*** Material shown Section Begins ***
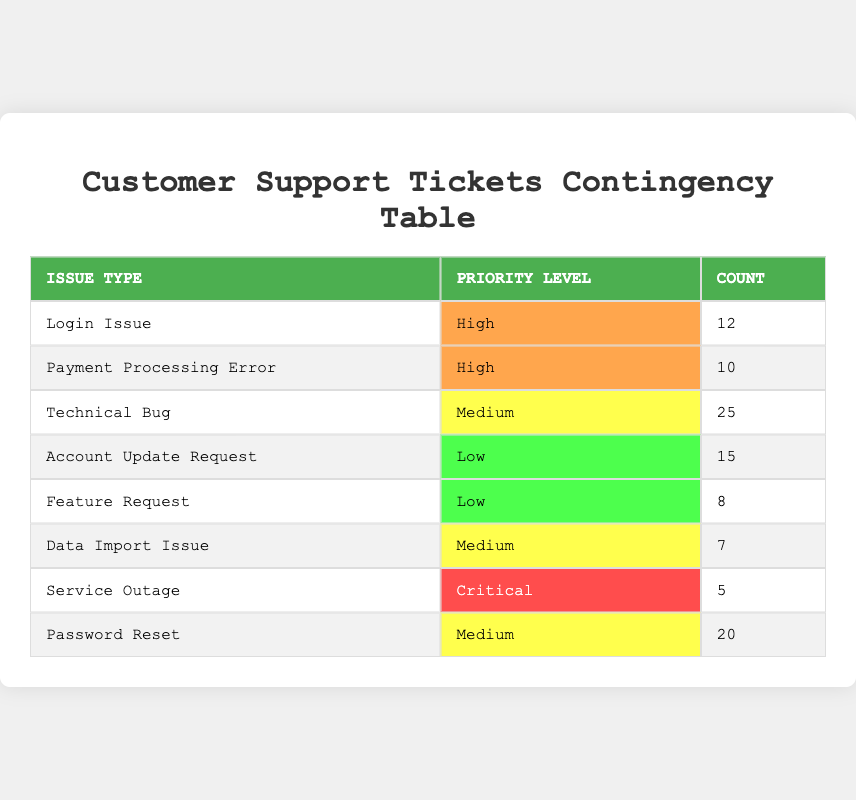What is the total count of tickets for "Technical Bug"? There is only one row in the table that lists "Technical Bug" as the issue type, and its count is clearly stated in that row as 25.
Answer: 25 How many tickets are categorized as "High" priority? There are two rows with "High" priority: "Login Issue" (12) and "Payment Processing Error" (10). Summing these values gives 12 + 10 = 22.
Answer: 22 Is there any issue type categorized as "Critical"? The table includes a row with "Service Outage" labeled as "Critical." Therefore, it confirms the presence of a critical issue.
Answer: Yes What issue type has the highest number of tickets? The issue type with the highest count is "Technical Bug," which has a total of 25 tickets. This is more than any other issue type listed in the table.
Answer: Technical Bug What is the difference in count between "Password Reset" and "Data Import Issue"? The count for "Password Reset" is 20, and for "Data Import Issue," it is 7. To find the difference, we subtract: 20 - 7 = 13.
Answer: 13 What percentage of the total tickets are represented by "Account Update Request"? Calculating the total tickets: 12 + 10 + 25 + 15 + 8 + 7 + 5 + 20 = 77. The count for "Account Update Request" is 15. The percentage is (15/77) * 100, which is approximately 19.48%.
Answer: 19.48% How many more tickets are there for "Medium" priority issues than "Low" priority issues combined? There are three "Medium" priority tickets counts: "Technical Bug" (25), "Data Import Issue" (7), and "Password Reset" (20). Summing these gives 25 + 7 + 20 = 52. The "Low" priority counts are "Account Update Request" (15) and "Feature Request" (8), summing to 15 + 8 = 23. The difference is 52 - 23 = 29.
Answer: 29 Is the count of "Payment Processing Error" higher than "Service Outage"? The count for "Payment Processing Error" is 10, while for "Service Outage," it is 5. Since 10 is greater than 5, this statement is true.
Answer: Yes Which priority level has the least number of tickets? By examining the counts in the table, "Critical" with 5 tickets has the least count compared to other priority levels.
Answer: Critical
*** Material shown Section Ends ***
*** Material shown Section Begins ***
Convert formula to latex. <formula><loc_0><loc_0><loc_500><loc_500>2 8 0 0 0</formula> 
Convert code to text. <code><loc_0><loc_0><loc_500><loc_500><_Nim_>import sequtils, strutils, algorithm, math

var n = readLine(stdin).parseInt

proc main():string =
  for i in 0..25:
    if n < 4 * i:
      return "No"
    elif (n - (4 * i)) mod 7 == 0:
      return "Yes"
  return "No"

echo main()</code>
*** Material shown Section Ends ***
Work required:
The expected output is the lines above from the one containing "What is the total" to the one containing "Answer: Yes What", both ends included, reproduced exactly with every picture left out.

Response to the task:
What is the total count of tickets for "Technical Bug"? There is only one row in the table that lists "Technical Bug" as the issue type, and its count is clearly stated in that row as 25.
Answer: 25 How many tickets are categorized as "High" priority? There are two rows with "High" priority: "Login Issue" (12) and "Payment Processing Error" (10). Summing these values gives 12 + 10 = 22.
Answer: 22 Is there any issue type categorized as "Critical"? The table includes a row with "Service Outage" labeled as "Critical." Therefore, it confirms the presence of a critical issue.
Answer: Yes What issue type has the highest number of tickets? The issue type with the highest count is "Technical Bug," which has a total of 25 tickets. This is more than any other issue type listed in the table.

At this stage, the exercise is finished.